Italy Prime Minister Silvio Berlusconi leaves at the end of a meeting in Rome
Italy Prime Minister Silvio Berlusconi leaves at the end of a meeting in Rome October 28, 2011. REUTERS

With Silvio Berlusconi facing the 54th -- and possibly final -- vote of confidence of his coalition in his third term alone, many wonder how the 75-year-old media tycoon has maintained his hold over the Italian public.

With three election victories, from 1994 to 2008, he has dominated the country's political landscape for neary two decades and become the longest-serving prime minister since World War II. Shadowing his political career, the allegations of embezzlement, tax fraud and false accounting brought him on court more than 2,500 times in 106 trials, at a legal cost of 200 million euros.

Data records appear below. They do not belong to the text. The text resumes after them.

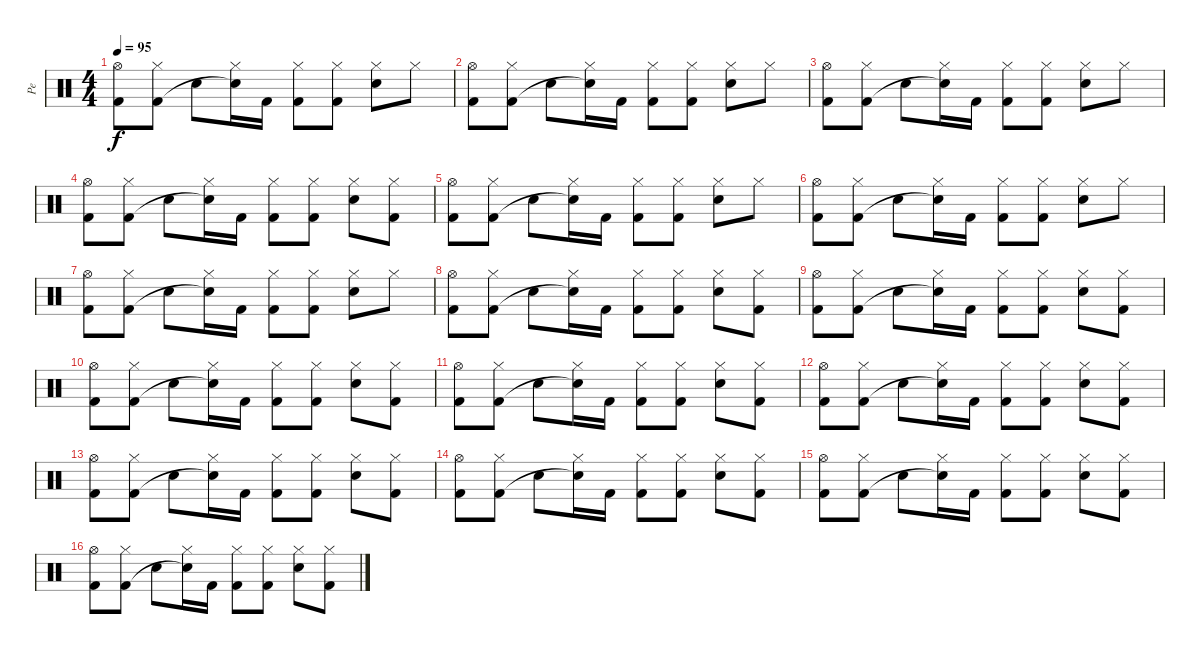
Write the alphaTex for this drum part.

\track ("Pe" "Pe") {instrument percussion}
\staff {score}
\articulation defaults
\ts (4 4)
\tempo 95
\clef neutral
\ks c
("Hi-Hat (open)" "Kick (hit) 2").8{dy f volume 8} ("Hi-Hat (closed)" "Kick (hit) 2").8 "Electric Snare (hit)".8 ("Hi-Hat (closed)" "Snare (hit)"{t}).16 "Kick (hit) 2".16 ("Hi-Hat (closed)" "Kick (hit) 2").8 ("Hi-Hat (closed)" "Kick (hit) 2").8 ("Hi-Hat (closed)" "Electric Snare (hit)").8 "Hi-Hat (closed)".8 |
("Hi-Hat (open)" "Kick (hit) 2").8 ("Hi-Hat (closed)" "Kick (hit) 2").8 "Electric Snare (hit)".8 ("Hi-Hat (closed)" "Snare (hit)"{t}).16 "Kick (hit) 2".16 ("Hi-Hat (closed)" "Kick (hit) 2").8 ("Hi-Hat (closed)" "Kick (hit) 2").8 ("Hi-Hat (closed)" "Electric Snare (hit)").8 "Hi-Hat (closed)".8 |
("Hi-Hat (open)" "Kick (hit) 2").8 ("Hi-Hat (closed)" "Kick (hit) 2").8 "Electric Snare (hit)".8 ("Hi-Hat (closed)" "Snare (hit)"{t}).16 "Kick (hit) 2".16 ("Hi-Hat (closed)" "Kick (hit) 2").8 ("Hi-Hat (closed)" "Kick (hit) 2").8 ("Hi-Hat (closed)" "Electric Snare (hit)").8 "Hi-Hat (closed)".8 |
("Hi-Hat (open)" "Kick (hit) 2").8 ("Hi-Hat (closed)" "Kick (hit) 2").8 "Electric Snare (hit)".8 ("Hi-Hat (closed)" "Snare (hit)"{t}).16 "Kick (hit) 2".16 ("Hi-Hat (closed)" "Kick (hit) 2").8 ("Hi-Hat (closed)" "Kick (hit) 2").8 ("Hi-Hat (closed)" "Electric Snare (hit)").8 ("Hi-Hat (closed)" "Kick (hit) 2").8 |
("Hi-Hat (open)" "Kick (hit) 2").8 ("Hi-Hat (closed)" "Kick (hit) 2").8 "Electric Snare (hit)".8 ("Hi-Hat (closed)" "Snare (hit)"{t}).16 "Kick (hit) 2".16 ("Hi-Hat (closed)" "Kick (hit) 2").8 ("Hi-Hat (closed)" "Kick (hit) 2").8 ("Hi-Hat (closed)" "Electric Snare (hit)").8 "Hi-Hat (closed)".8 |
("Hi-Hat (open)" "Kick (hit) 2").8 ("Hi-Hat (closed)" "Kick (hit) 2").8 "Electric Snare (hit)".8 ("Hi-Hat (closed)" "Snare (hit)"{t}).16 "Kick (hit) 2".16 ("Hi-Hat (closed)" "Kick (hit) 2").8 ("Hi-Hat (closed)" "Kick (hit) 2").8 ("Hi-Hat (closed)" "Electric Snare (hit)").8 "Hi-Hat (closed)".8 |
("Hi-Hat (open)" "Kick (hit) 2").8 ("Hi-Hat (closed)" "Kick (hit) 2").8 "Electric Snare (hit)".8 ("Hi-Hat (closed)" "Snare (hit)"{t}).16 "Kick (hit) 2".16 ("Hi-Hat (closed)" "Kick (hit) 2").8 ("Hi-Hat (closed)" "Kick (hit) 2").8 ("Hi-Hat (closed)" "Electric Snare (hit)").8 "Hi-Hat (closed)".8 |
("Hi-Hat (open)" "Kick (hit) 2").8 ("Hi-Hat (closed)" "Kick (hit) 2").8 "Electric Snare (hit)".8 ("Hi-Hat (closed)" "Snare (hit)"{t}).16 "Kick (hit) 2".16 ("Hi-Hat (closed)" "Kick (hit) 2").8 ("Hi-Hat (closed)" "Kick (hit) 2").8 ("Hi-Hat (closed)" "Electric Snare (hit)").8 ("Hi-Hat (closed)" "Kick (hit) 2").8 |
("Hi-Hat (open)" "Kick (hit) 2").8 ("Hi-Hat (closed)" "Kick (hit) 2").8 "Electric Snare (hit)".8 ("Hi-Hat (closed)" "Snare (hit)"{t}).16 "Kick (hit) 2".16 ("Hi-Hat (closed)" "Kick (hit) 2").8 ("Hi-Hat (closed)" "Kick (hit) 2").8 ("Hi-Hat (closed)" "Electric Snare (hit)").8 ("Hi-Hat (closed)" "Kick (hit) 2").8 |
("Hi-Hat (open)" "Kick (hit) 2").8 ("Hi-Hat (closed)" "Kick (hit) 2").8 "Electric Snare (hit)".8 ("Hi-Hat (closed)" "Snare (hit)"{t}).16 "Kick (hit) 2".16 ("Hi-Hat (closed)" "Kick (hit) 2").8 ("Hi-Hat (closed)" "Kick (hit) 2").8 ("Hi-Hat (closed)" "Electric Snare (hit)").8 ("Hi-Hat (closed)" "Kick (hit) 2").8 |
("Hi-Hat (open)" "Kick (hit) 2").8 ("Hi-Hat (closed)" "Kick (hit) 2").8 "Electric Snare (hit)".8 ("Hi-Hat (closed)" "Snare (hit)"{t}).16 "Kick (hit) 2".16 ("Hi-Hat (closed)" "Kick (hit) 2").8 ("Hi-Hat (closed)" "Kick (hit) 2").8 ("Hi-Hat (closed)" "Electric Snare (hit)").8 ("Hi-Hat (closed)" "Kick (hit) 2").8 |
("Hi-Hat (open)" "Kick (hit) 2").8 ("Hi-Hat (closed)" "Kick (hit) 2").8 "Electric Snare (hit)".8 ("Hi-Hat (closed)" "Snare (hit)"{t}).16 "Kick (hit) 2".16 ("Hi-Hat (closed)" "Kick (hit) 2").8 ("Hi-Hat (closed)" "Kick (hit) 2").8 ("Hi-Hat (closed)" "Electric Snare (hit)").8 ("Hi-Hat (closed)" "Kick (hit) 2").8 |
("Hi-Hat (open)" "Kick (hit) 2").8 ("Hi-Hat (closed)" "Kick (hit) 2").8 "Electric Snare (hit)".8 ("Hi-Hat (closed)" "Snare (hit)"{t}).16 "Kick (hit) 2".16 ("Hi-Hat (closed)" "Kick (hit) 2").8 ("Hi-Hat (closed)" "Kick (hit) 2").8 ("Hi-Hat (closed)" "Electric Snare (hit)").8 ("Hi-Hat (closed)" "Kick (hit) 2").8 |
("Hi-Hat (open)" "Kick (hit) 2").8 ("Hi-Hat (closed)" "Kick (hit) 2").8 "Electric Snare (hit)".8 ("Hi-Hat (closed)" "Snare (hit)"{t}).16 "Kick (hit) 2".16 ("Hi-Hat (closed)" "Kick (hit) 2").8 ("Hi-Hat (closed)" "Kick (hit) 2").8 ("Hi-Hat (closed)" "Electric Snare (hit)").8 ("Hi-Hat (closed)" "Kick (hit) 2").8 |
("Hi-Hat (open)" "Kick (hit) 2").8 ("Hi-Hat (closed)" "Kick (hit) 2").8 "Electric Snare (hit)".8 ("Hi-Hat (closed)" "Snare (hit)"{t}).16 "Kick (hit) 2".16 ("Hi-Hat (closed)" "Kick (hit) 2").8 ("Hi-Hat (closed)" "Kick (hit) 2").8 ("Hi-Hat (closed)" "Electric Snare (hit)").8 ("Hi-Hat (closed)" "Kick (hit) 2").8 |
("Hi-Hat (open)" "Kick (hit) 2").8 ("Hi-Hat (closed)" "Kick (hit) 2").8 "Electric Snare (hit)".8 ("Hi-Hat (closed)" "Snare (hit)"{t}).16 "Kick (hit) 2".16 ("Hi-Hat (closed)" "Kick (hit) 2").8 ("Hi-Hat (closed)" "Kick (hit) 2").8 ("Hi-Hat (closed)" "Electric Snare (hit)").8 ("Hi-Hat (closed)" "Kick (hit) 2").8

But neither these accusations nor the latest lascivious reports about his private life ever fully eroded his popularity among the public. His powerful mix of odd behaviour, outspoken speeches, self-confident populism and inappropriate jocularity apparently struck a chord with the Italian working class.

After the devastating earthquake that swept away the historic city of L'Aquila in 2009, for instance, Berlusconi was pictured by every Italian newspaper wearing a red firefighter's helmet and embracing an elderly woman who begged him for help. Every country desperately needs a narrative and a leader. Incarnating a conceited, cheerful but compassionate "man in the street", Berlusconi cast himself as the benevolent father of a nation in need and the embodiment of the Italian dream.

Italian pollster Renato Mannheimer explained: "He has an ability to create a direct rapport with the population. This is an ongoing process and is triumphing at the moment."

Starting as a cruise ship crooner in the south of Italy, Berlusconi made a fortune with Edilnord, a construction company that built housing developments on the outskirts of Milan. He began his political career in 1994, when he founded Forza Italia, named after a chant used by AC Milan fans. After the fall of the most influential Communist party in the Western world, Berlusconi appealed to the working class' post-ideological sentiments and desires with the aid of his compelling media empire. According to many experts, Italians who voted for him were already moulded by his television programmes in the 1980s, which displayed - for the first time in a deeply conservative country like Italy - half-naked showgirls and lascivious products of consumerism

Even if his three stints as prime minister were full of promises which came to nothing, Berlusconi exploited the deeply polarised nature of Italian politics and his natural ability as a salesman to hold the country's fate in his hands.

His latest gaffe at the G20 meeting in France last week encapsulates the thought of an Italian Everyman - a cab-driver or a factory worker, perhaps - who faces with unassailable optimism the difficulties of the financial crisis.

"Restaurants are full, it is difficult to reserve a seat on a plane, and holiday resorts during bank holidays are fully booked," Berlusconi said. "If you moved to Italy, I don't think you would sense anything that could resemble a strong crisis. We really are a strong economy. Italians are well-off. "

However, as anti-government daily newspaper La Repubblica said in an editorial, there is a growing percentage of Italians who are disappointed by Berlusconi's failure to deliver promises. Tuesday's vote on the Italian public accounts may prove them right.